There appear to be at least 2, 16, and 6 scientific names for the jujube genus, the jujube and the sour jujube, respectively, due to different classification viewpoints and poor academic exchange in the past. Based on a systematic study of the historical taxonomic literature, Liu et al. affirmed Ziziphus (rather than Zizyphus), Z. jujuba Mill. and Ziziphus acidojujuba Cheng et Liu as the proper scientific names for the jujube genus, the jujube and the sour jujube, respectively10,65,66,67,68,69.

Breeding and character inheritance

Jujube breeding has a long history. However, until the end of the 20th century, the breeding techniques for Chinese jujube had been mainly focused on selection from seedlings, bud mutants, and local germplasm, even though some new techniques had been incorporated into selection breeding, such as marker-assisted identification and standardized techniques. After entering the 21st century, great progress has been made in polyploidy and cross-breeding in jujube. Genetic engineering has also made some advances, but these applications are not yet fully developed.

Upgrading the breeding objectives

Breeding objectives should take into consideration the characteristics of jujube trees, the demands of all related parties, the breeding trends in fruit trees and breeding practices in jujube70. The overall objective should be to meet the various needs of farmers, processers, marketers and consumers. The specific objectives should include outstanding resistance to biotic and abiotic stresses, dwarfing, low branching ability, thornlessness, early bearing, high and stable yields, high quality, stonelessness, high nutrient levels, various ripening times, ease of transport and storage, and multiple-use cultivars. The major requirements to meet farmers’ needs are reducing inputs, increasing output and accelerating economic returns. Good quality, stonelessness, high nutrient levels, and varied ripening times can satisfy consumers, whose demands have become increasingly critical and diversified. Objectives such as tolerance to transportation and long storage life, varied ripening times, and multiple-use cultivars are marketers’ preferences. A revolutionary novel cultivar could simultaneously satisfy the diverse demands of farmers, processers, marketers, and consumers.

Creating a mixoploid-free polyploid induction system

Given the limitations of traditional selection breeding for obtaining breakthrough cultivars and the extreme difficulty of cross-breeding in jujube, polyploid breeding seems to be a promising prospect. Consumers usually prefer large fruits, but increasing fruit size by applying more fertilizer and plant regulators may result in poor fruit quality. As a result, polyploidy induction has become an ideal breeding approach for obtaining new cultivars with high-quality, large fruits.

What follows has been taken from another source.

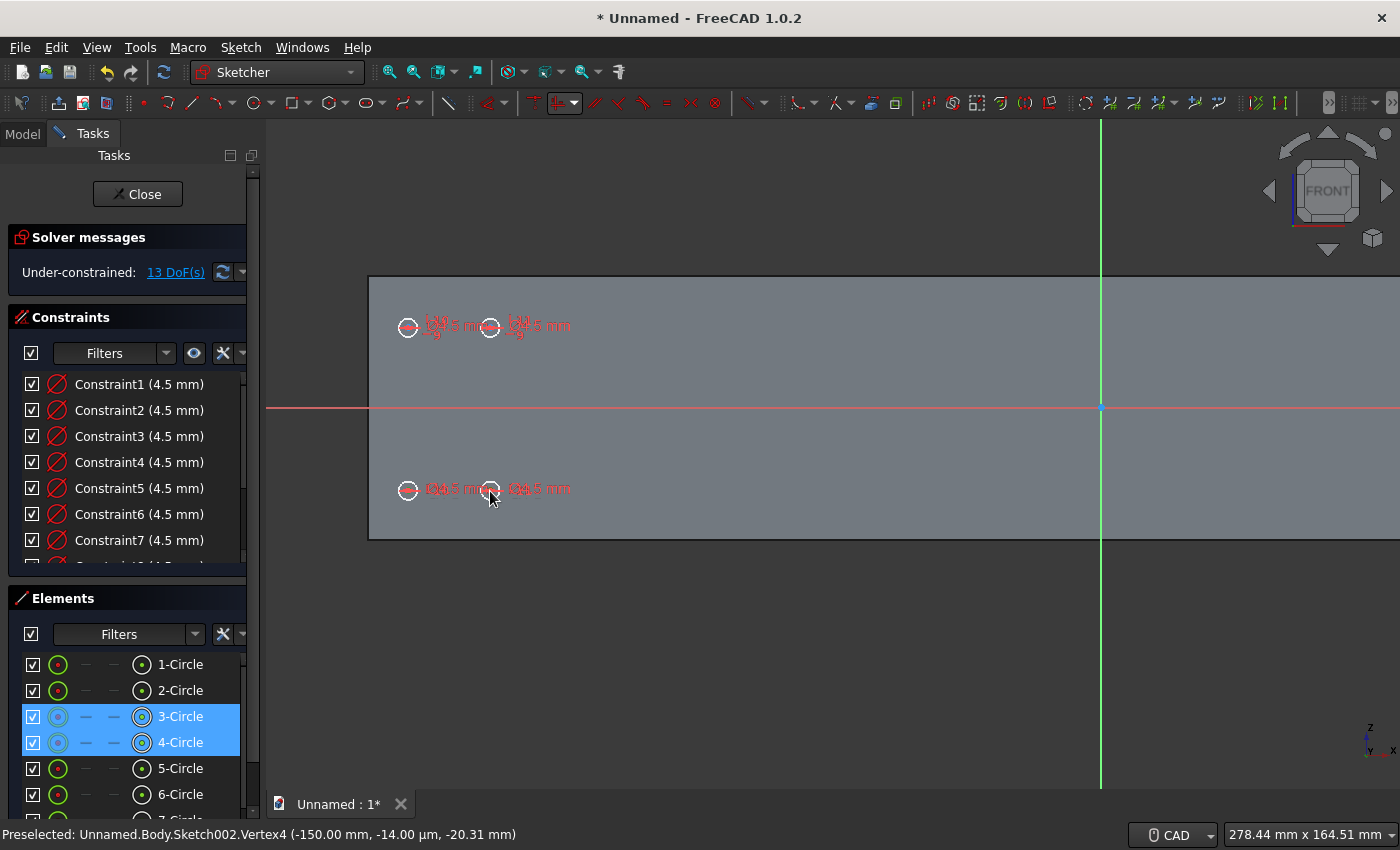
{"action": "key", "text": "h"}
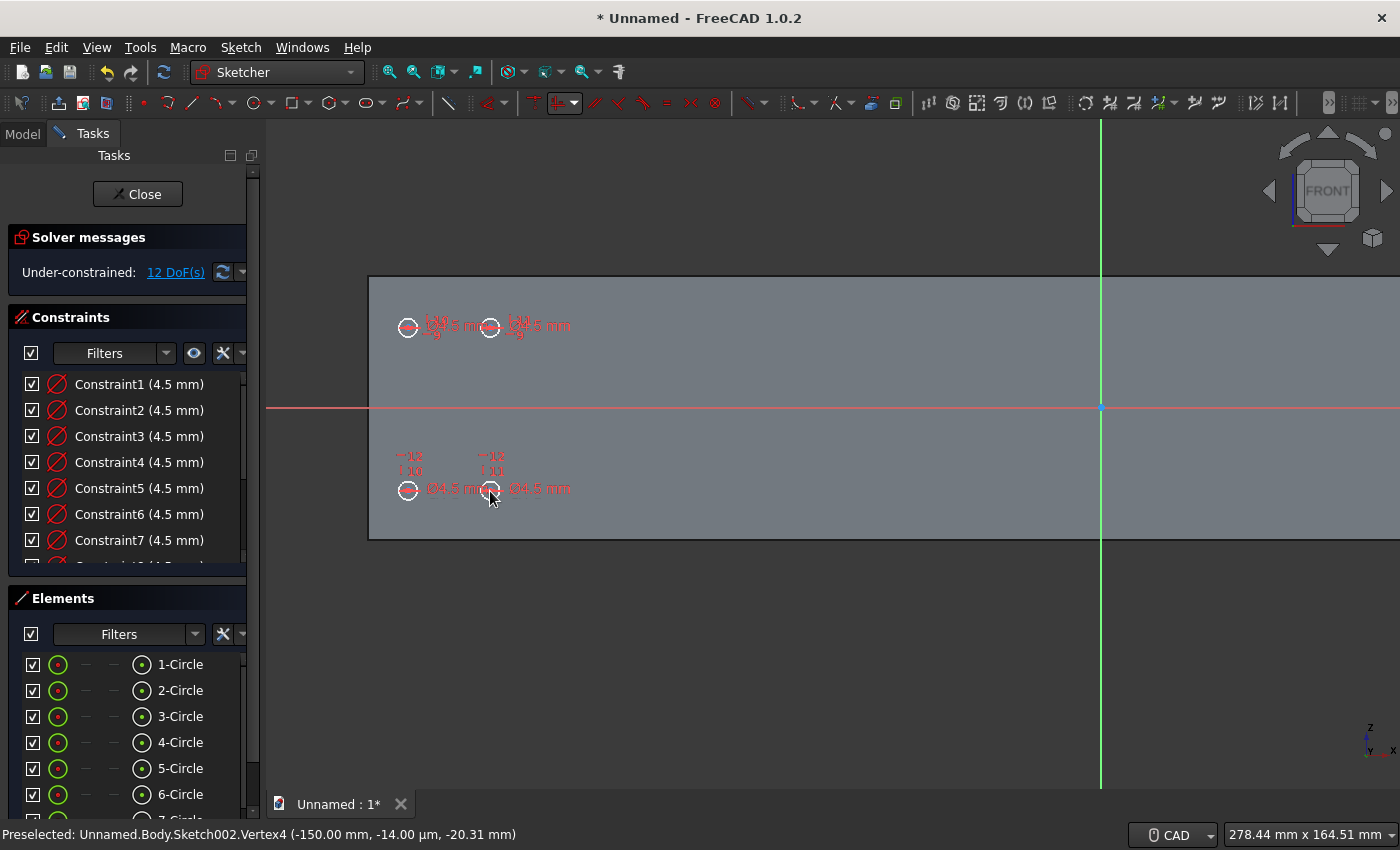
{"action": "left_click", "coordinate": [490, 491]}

Four generations of polyploid induction techniques using colchicine as the main mutagen have been developed for jujube, i.e., in vivo apical bud induction71, in vitro apical or lateral bud induction72, in vitro callus/embryo induction73 and in vivo callus induction74. The fourth-generation technique is to induce polyploidy by treating in vivo calluses induced on branch cuts with colchicine, which could eliminate the severe mixoploidy formation from traditional polyploid breeding and directly produce pure polyploid shoots (Fig. 3). The pure polyploid shoot could form flowers and even set fruits for further evaluation in the same year as the polyploid induction. Consequently, the pure polyploid creation and evaluation period can be shortened by 3–5 years. Until now, a total of 25 triploid, tetraploid, and octoploid strains have been created, among which three excellent tetraploid strains have been released as new cultivars by the Hebei Forestry Cultivar Examination and Approval Committee75,76,77. The novel field technique for homogeneous polyploidy induction has been successfully applied in sour jujube78 and in elm (data not shown).

Auto-tetraploids differ greatly from their diploid counterparts in their morphology, cytology, and nutrient content79. Comparing the tetraploid jujube cultivar ‘Riguang’ and its diploid counterpart ‘Dongzao’, ‘Riguang’ has wider and darker green leaves, higher chlorophyll content, a higher photosynthesis rate, larger stomata, larger pollen and flowers, wider and larger fruits, and an earlier maturation time but is also less vigorous and less cold hardy79. The contents of vitamin C, cAMP, soluble sugars, titratable acids, sucrose, glucose, and fructose were significantly higher in tetraploid ‘Riguang’ fruits than in diploid ‘Dongzao’ fruits79. It was discovered that an autotetraploid sour jujube had higher tolerance to salinity than the diploid, and its preliminary molecular mechanism was illustrated80,81. In addition, triploids of ‘Jinsixiaozao’, ‘Yuanlingzao’, and ‘Changhongzao’ have been created by endosperm culture, but no new cultivar has been released82. Anther/pollen culture has also been practiced in jujube, and some plants have been generated from pollen73,83.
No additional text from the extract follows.